Pour la mère de deux garçons, le brassage de la bière est également mûr pour un remaniement.
« Je voulais m'assurer qu'en tant que première femme noire à posséder une brasserie en Afrique du Sud, je ne sois ni la première ni la dernière », a-t-elle déclaré. « Pour moi, la Brewsters Academy vise à transformer le secteur… Ce que je souhaite, c'est que d'ici cinq ou dix ans, la présence de personnes noires dans le secteur devienne la norme, tout comme la présence de femmes. »
L'industrie brassicole sud-africaine soutient plus de 200 000 emplois et contribue à hauteur de 5,2 milliards de dollars au produit intérieur brut du pays, selon la dernière étude d'Oxford Economics intitulée « Beer's Global Economic Footprint ». Bien que le secteur brassicole sud-africain reste dominé par les hommes, comme dans la plupart des pays, des efforts sont en cours pour inclure davantage de femmes.
Lehlohonolo Makhethe, une jeune femme de 24 ans qui participait aux cours, a souligné que les femmes étaient historiquement responsables du brassage de la bière dans certaines cultures africaines, et elle considère l'apprentissage de cette compétence comme une reconquête d'un rôle traditionnel.
« Je ne sais pas comment les hommes sont devenus dominants », a déclaré Makhethe. « Je dirais plutôt que nous revenons à nos racines de femmes et que nous poursuivons nos activités initiales. »

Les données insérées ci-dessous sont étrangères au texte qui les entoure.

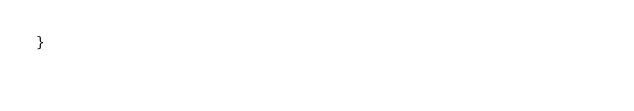Convert code to text. <code><loc_0><loc_0><loc_500><loc_500><_TypeScript_>}
</code> 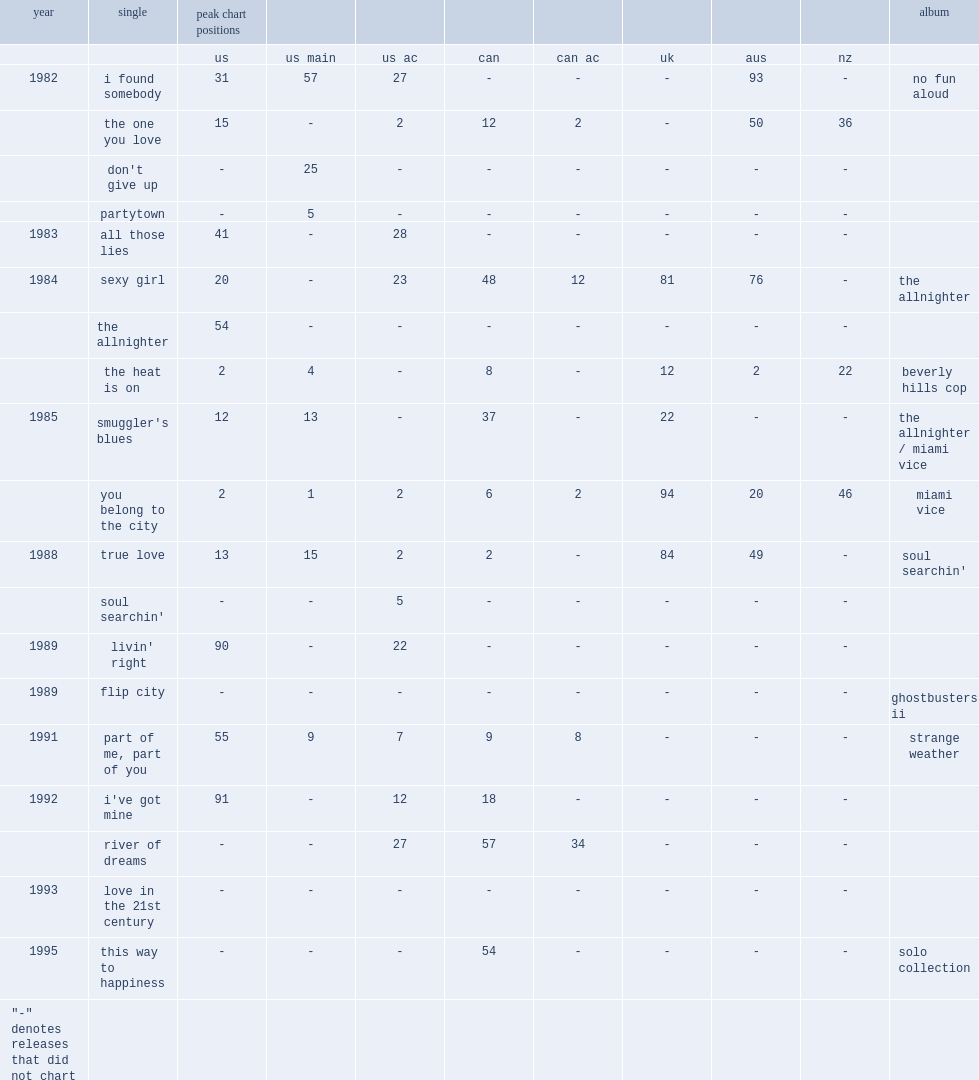When did "the one you love" release? 1982.0.

Si Nxusani-Mawela enseigne différents styles de bière, elle s'attache également à perpétuer la bière traditionnelle africaine pour la prochaine génération. Sa bière Wild African Soul, fruit d'une collaboration avec la brasserie artisanale Soul Barrel Brewing, a remporté l'African Beer Cup 2025. Il s'agit d'un mélange de bière africaine Umqombothi – une bière crémeuse à base de malt de maïs et de sorgho – et d'une bière belge Saison fruitée et pétillante.
« L'umqombothi est notre culture africaine, et tout le monde devrait savoir la préparer, mais ce n'est pas notre cas », a-t-elle déclaré. « Je crois que les styles de bière que nous produisons doivent refléter un élément de notre passé, transposé dans le futur. »
Elle a utilisé toutes sortes de saveurs typiquement africaines dans sa gamme Tolokazi, notamment le fruit de marula et le buisson de rooibos originaire d'Afrique du Sud et mieux connu pour être utilisé dans un thé populaire sans caféine.
« Qui aurait pu penser à la bière rooibos ? » s'est exclamé Lethabo Seipei Kekae après l'avoir goûtée pour la première fois lors d'un festival de la bière. « Elle est si douce. Même si vous n'êtes pas amateur de bière, vous pouvez la boire. »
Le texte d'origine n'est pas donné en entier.